With rising disposable incomes in cities beyond metros, the penetration of credit cards — and consequently, credit card spending — is growing at a much faster pace than in traditional metro cities, primarily driven by e-commerce spending.
Other segments, including travel, online gaming, and online education, are also showing extensive increases, said Sushmit Nath, head of consulting and analytics, India and South Asia at Visa, in a conversation with Business Standard.
According to Visa data, the number of customers spending more than Rs 2 lakh annually using a single card grew roughly 4x in Tier-III cities, compared to just 1.4x in Tier-I cities between 2019 and 2024, suggesting a democratisation of affluence that was previously concentrated mainly in Tier-I cities.
During this period, credit card transactions saw a substantial 175 per cent increase in Tier-III cities, compared to just a 27 per cent increase in Tier-I cities.
Even spending per active card was higher in these cities compared to metro cities.
Credit cards, which have traditionally been a metropolitan phenomenon, have penetrated deeper beyond the top metro cities due to rising incomes in non-metros, growth in e-commerce, increased digital connectivity and spending, and government initiatives such as Pradhan Mantri Jan-Dhan Yojana, the Digital India programme, the Aadhaar project, the United Payments Interface (UPI), and the goods and services tax regime.
Apart from e-commerce spending, which has increased from 53 per cent in 2019 to 73 per cent in 2024, credit card customers in cities beyond the metros are now also spending in discretionary categories like apparel and travel, where the bulk of the spending occurs on aggregator platforms rather than merchant websites — a trend that mirrors the pre-pandemic behaviour of customers in Tier-I cities.
“We are seeing a rise in categories such as gaming and digital content, and over-the-top platforms, with more people engaging in activities like reading e-books.
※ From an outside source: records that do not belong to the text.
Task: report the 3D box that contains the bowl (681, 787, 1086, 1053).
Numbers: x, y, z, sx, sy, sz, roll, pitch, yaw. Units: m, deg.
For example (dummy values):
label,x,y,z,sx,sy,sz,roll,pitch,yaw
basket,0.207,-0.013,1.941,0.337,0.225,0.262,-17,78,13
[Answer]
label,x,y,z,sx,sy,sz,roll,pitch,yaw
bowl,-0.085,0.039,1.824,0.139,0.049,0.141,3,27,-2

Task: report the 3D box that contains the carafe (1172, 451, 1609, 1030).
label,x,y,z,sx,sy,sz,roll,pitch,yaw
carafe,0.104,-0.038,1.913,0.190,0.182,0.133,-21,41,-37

Online education has also gained significant traction, among other categories.
"Additionally, there has been an increase in spending in discretionary sectors, particularly in travel,” Nath said.
According to Visa data, spending on online gaming and digital content has grown 16x and 9x, respectively, between 2019 and 2024.
With non-metros now demonstrating impressive spending capacity and a strong appetite for credit-driven consumption, credit card issuers need to develop tailored products that cater to the needs of customers in Tier-III cities.
The customer profiles in these areas are markedly different from those in metro cities, requiring more specialised offerings.
According to Visa data, about 14 per cent of credit card customers belong to the salaried class, while 45 per cent are large and small farmers, and 28 per cent are traders.
According to Nath, there is considerable opportunity and growth that can be tapped into, and it’s crucial for issuers to focus on personalisation.
Understanding customers across different demographics and geographies is key, as they differ greatly from typical urban customers.
Moreover, data-driven decision-making is vital.
While traditional credit bureaux are important, many customers, especially in this segment, are new to credit and may not have robust credit profiles.
This is where alternative data comes into play, helping to drive smarter underwriting decisions, he said.